Play detective and put your machine learning skills to use by building an algorithm to identify Enron Employees who may have committed fraud based on the public Enron financial and email dataset.
Your submission will contain several files: the code/classifier you create and some written documentation of your work. We will evaluate your project according to the rubric here; only projects that satisfy all "meets expectations" items will pass. Please self-evaluate before you submit! If you don't think your project meets all the criteria, the project evaluator likely won't either.
Ready to submit your project? Go back to your Udacity Home, click on the project, and follow the instructions to submit!
- You can either send us a GitHub link of the files or upload a compressed directory (zip file).
- Inside the zip folder include a text file with a list of Web sites, books, forums, blog posts, GitHub repositories etc that you referred to or used in this submission (Add N/A if you did not use such resources). It can take us up to a week to grade the project, but in most cases it is much faster. You will receive an email when your submission has been reviewed.

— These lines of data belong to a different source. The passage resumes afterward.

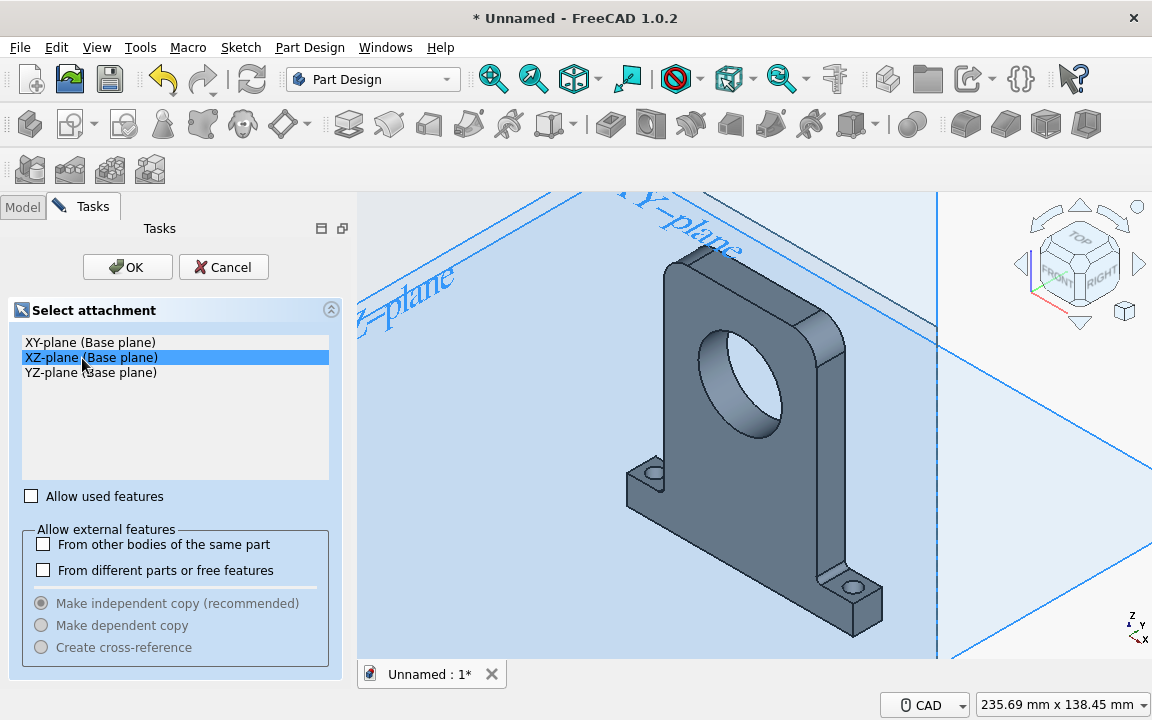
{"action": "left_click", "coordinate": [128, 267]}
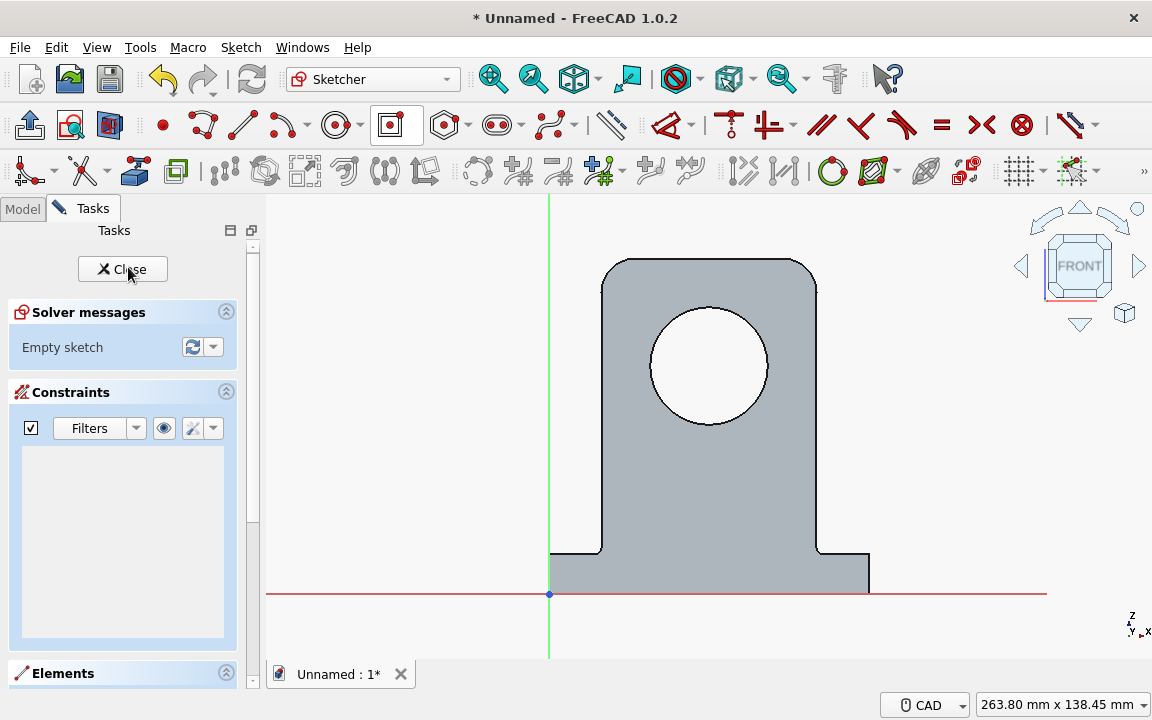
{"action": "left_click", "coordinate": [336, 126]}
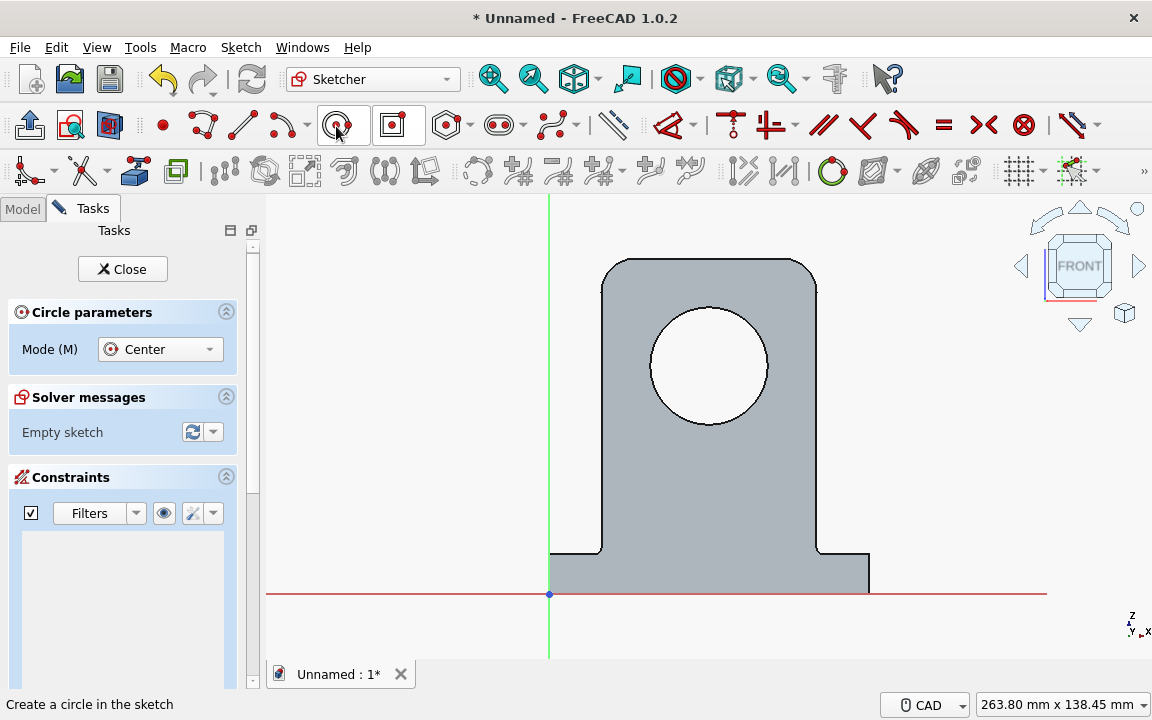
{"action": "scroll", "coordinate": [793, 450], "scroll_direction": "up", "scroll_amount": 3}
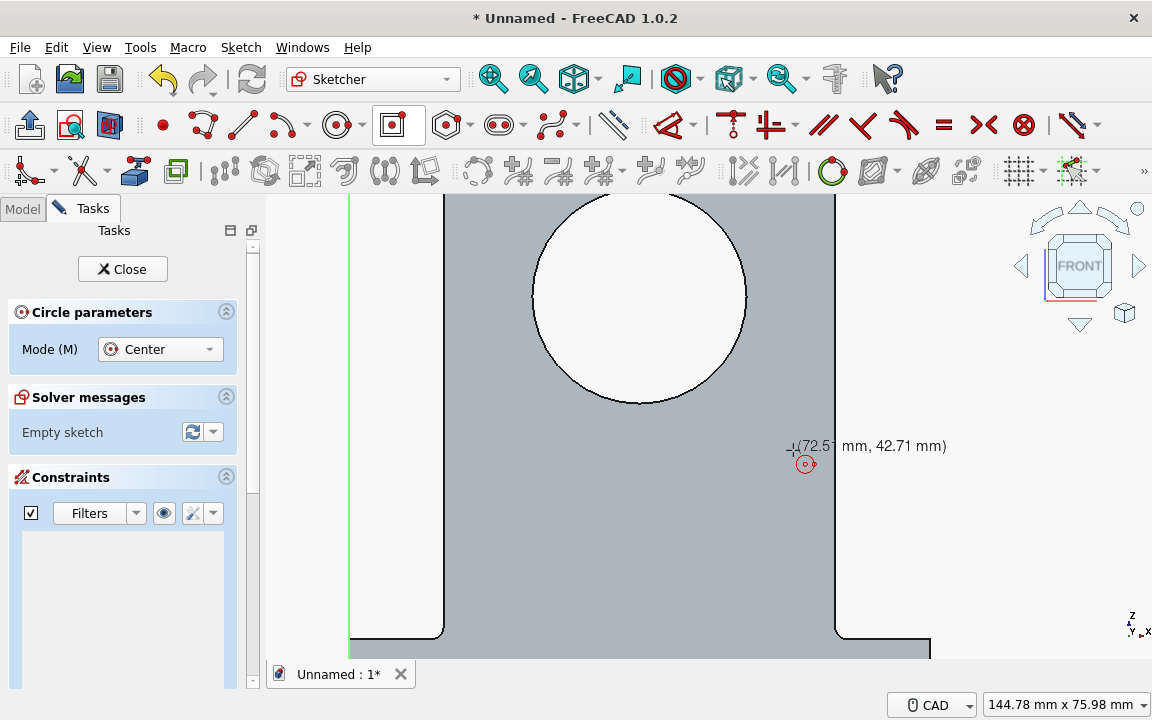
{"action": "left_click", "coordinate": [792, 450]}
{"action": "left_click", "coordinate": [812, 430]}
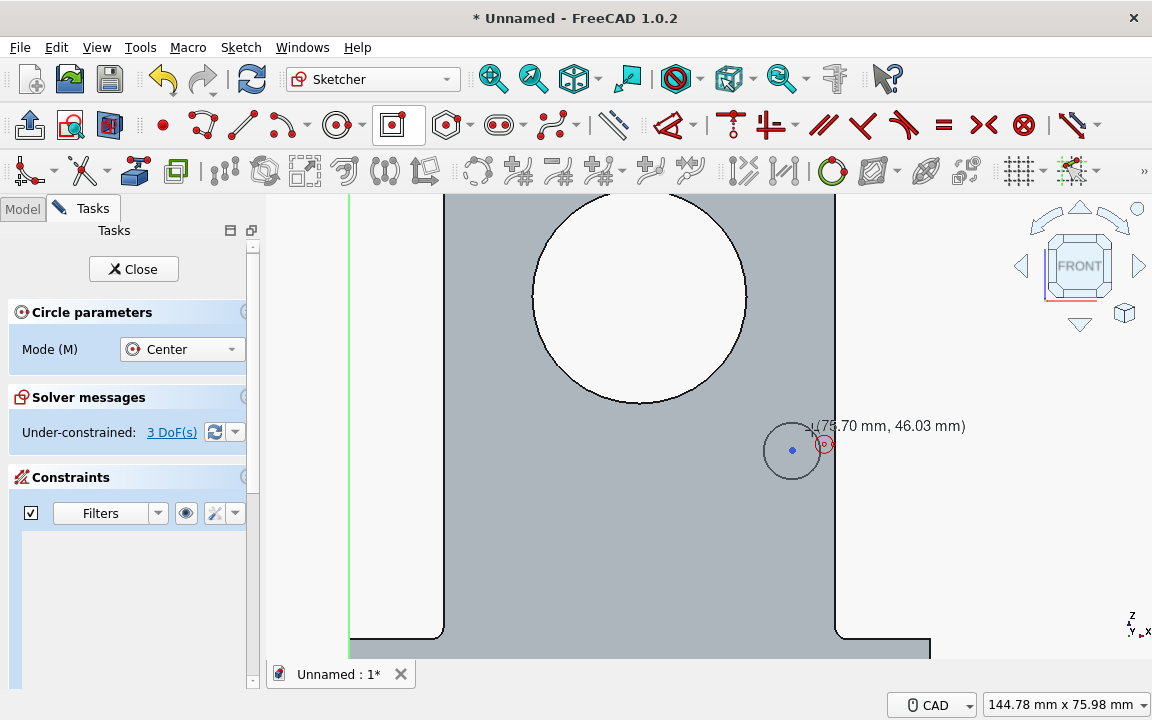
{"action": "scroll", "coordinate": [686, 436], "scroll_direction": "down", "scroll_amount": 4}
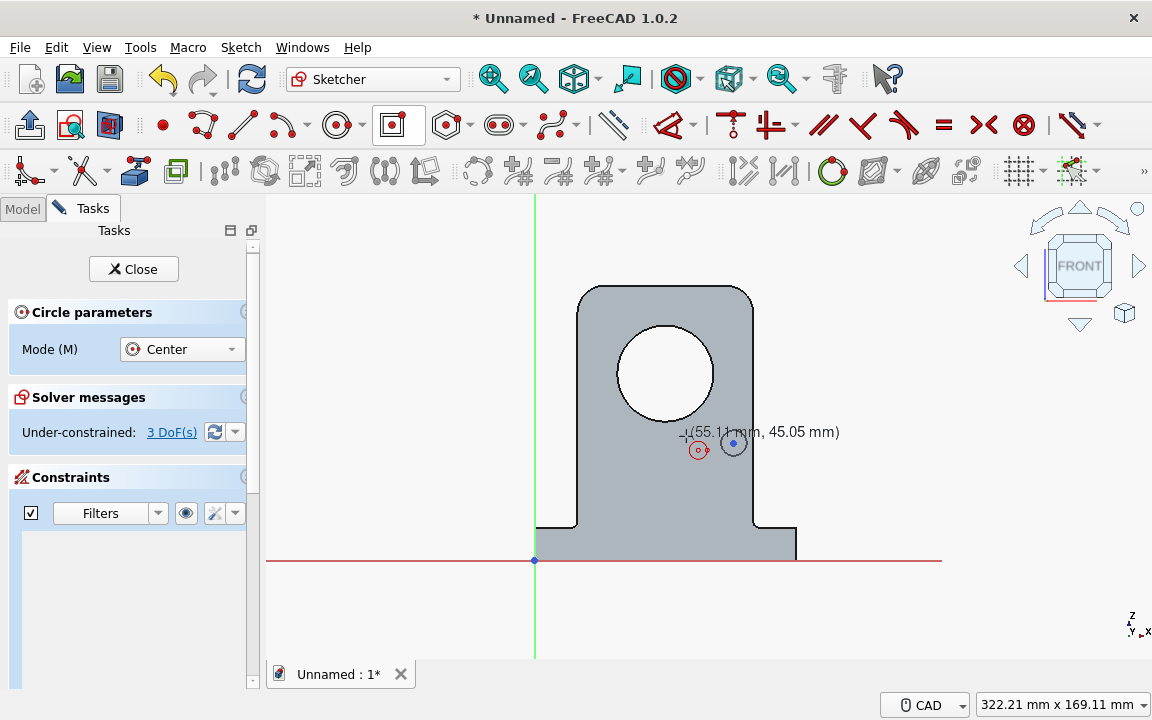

If you are having any problems submitting your project or wish to check on the status of your submission, please email us at [email protected].
When making your classifier, you will create three pickle files (my_dataset.pkl, my_classifier.pkl, my_feature_list.pkl). The project evaluator will test these using the tester.py script. You are encouraged to use this script before submitting to gauge if your performance is good enough. You should also include your modified poi_id.py file in case of any issues with running your code or to verify what is reported in your question responses (see next paragraph). Notably, we should be able to run poi_id.py to generate the three pickle files that reflect your final algorithm, without needing to modify the script in any way.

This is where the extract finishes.